We continued shifting and adjusting all possible variables as we went along, evaluating the results: How much familiarity is too “safe”? On the other hand, when does it start to feel too foreign, too much like a different Museum altogether? Should we keep the existing typefaces? The existing color? In designing marks, all this balance must somehow be achieved in a space the size of an iPhone app button—adjusting just one variable requires many internal rounds of subtle iteration.
We eventually returned to core memory. As the question was formulated in an internal discussion, and many other similar efforts—what, exactly, is the organization’s core? We remembered that original logo for The Computer Museum and dove back into the archives to get a sense of that long-ago retired visual language. We stumbled onto a lot of older materials, among them a 1982 catalog that advertised some scarves, tiles, and pins but left the pattern rigid and tightly associated with the artifact. We could not envision simply going back to that, but it felt like an intriguing idea to explore.
As we took further liberties with the pattern, a spark started to emerge, and that double meaning was our primary rationale when we presented it. Core continued to be a reference to the recording and documenting, but as it grew past that starting point, it could also be interpreted as growth, as sparks of creativity.

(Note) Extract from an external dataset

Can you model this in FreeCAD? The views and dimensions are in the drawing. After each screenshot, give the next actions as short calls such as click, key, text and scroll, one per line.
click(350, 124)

The core grid gained many layers of meaning—it took the museum back to its roots, it acknowledged its heritage but adapted the brand to a digital world that could not have been envisioned thirty years prior, at its initial conception. In a project where it was important both to signal change and to reaffirm identity, this narrative was too difficult to resist. When it was presented to the Museum, they saw it as a network, as a device that stems from a solid foundation but, like roots and branches, eventually reaches far beyond those initial surroundings. A framework that grows far beyond its initial foundation.

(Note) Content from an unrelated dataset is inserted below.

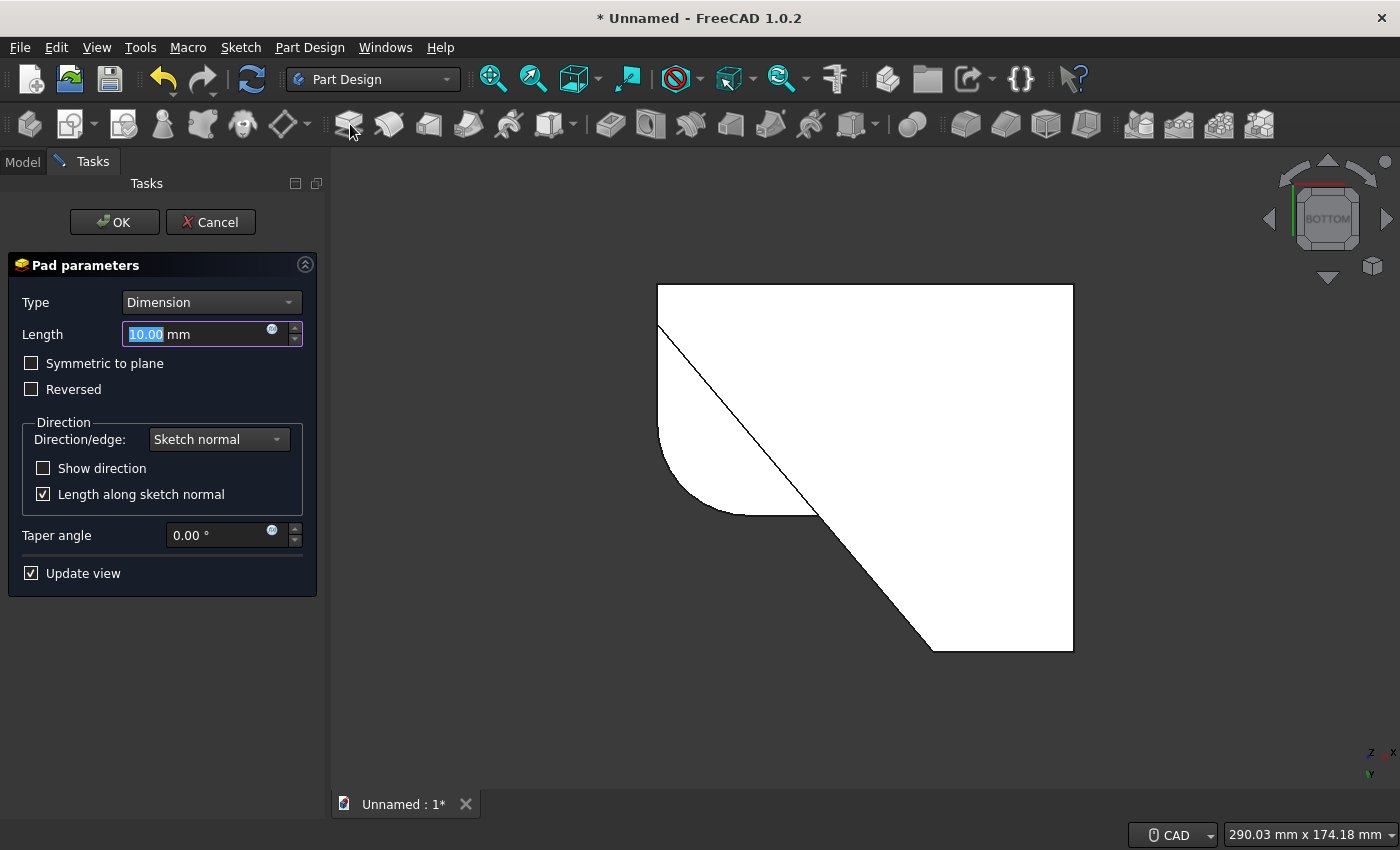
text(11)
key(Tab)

As the process developed, the grid started to work better as a stand-alone component. Its lines were too thin to be attached to the main logo; its connotations became too open to interpretation, its fluidity became too hard to contain. It was eventually developed mostly as a visual language that could support the new direction without being front and center.

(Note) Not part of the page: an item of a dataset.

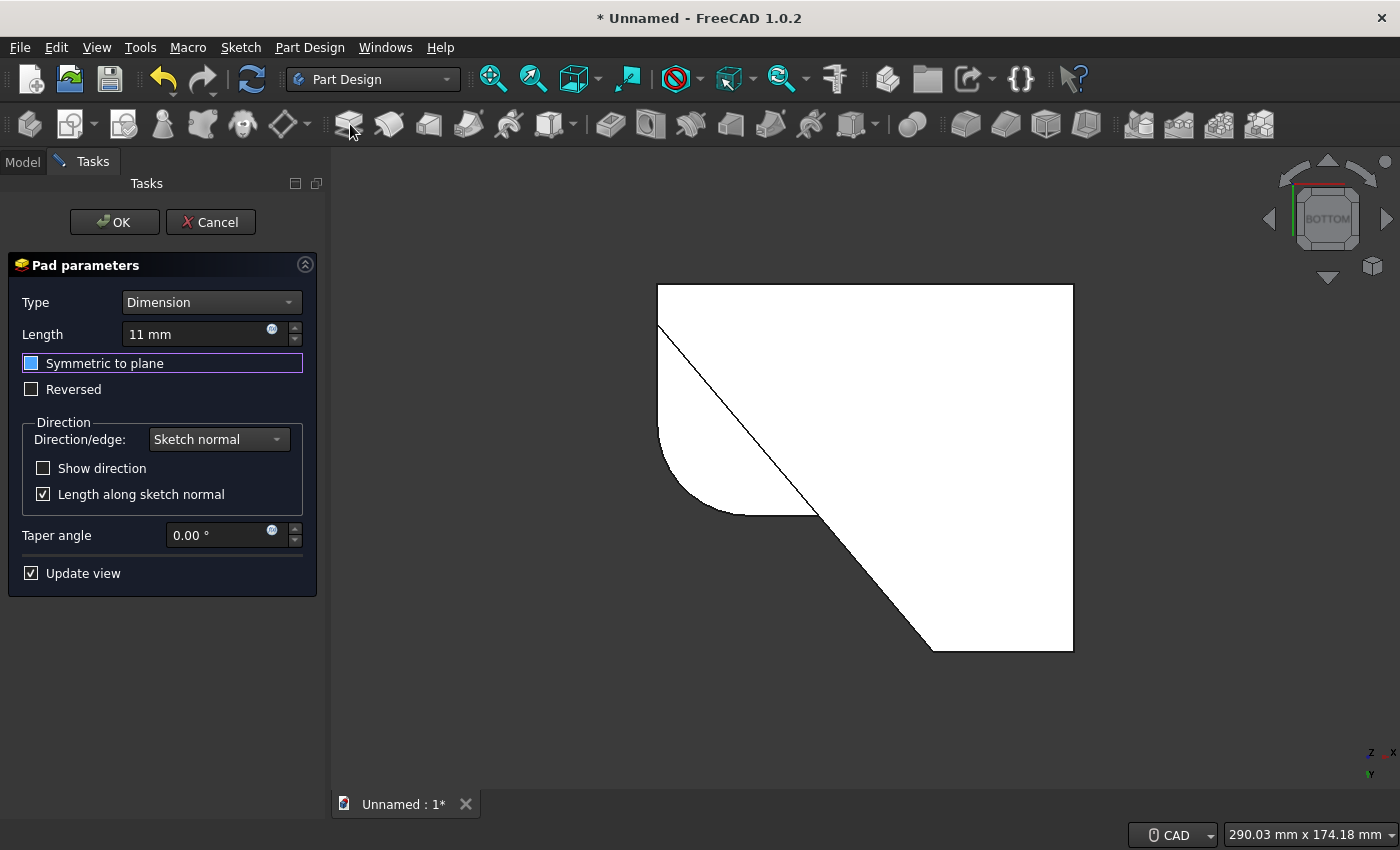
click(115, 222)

After a few rounds of iteration, we returned to the foundation, to the core. In this case, this meant going back to the system we had already built, a visual language rooted in boldness, clarity, and simplicity—the very same elements we now needed to reaffirm as the Museum shifted strategies. We returned to DIN Engschrift, which had been there all along. A typeface whose origins date back to 1905 was there once again to provide the robust scaffolding to the idea, with the core pattern bouncing off its structure, breathing new life to a system that now seems obvious only in hindsight.
As this work starts to get rolled out, the system aligns with where CHM stands today—an authoritative institution deeply grounded in history, but one that aims to surpass its original intent, one that actively seeks to find new connections and grow far beyond its walls.
This remains very much front of mind as we continue this work. An idea that started as simple line patterns and crisp letterforms has now started to grow and expand into a broader network, a fluid intersection of things already built and others yet to come.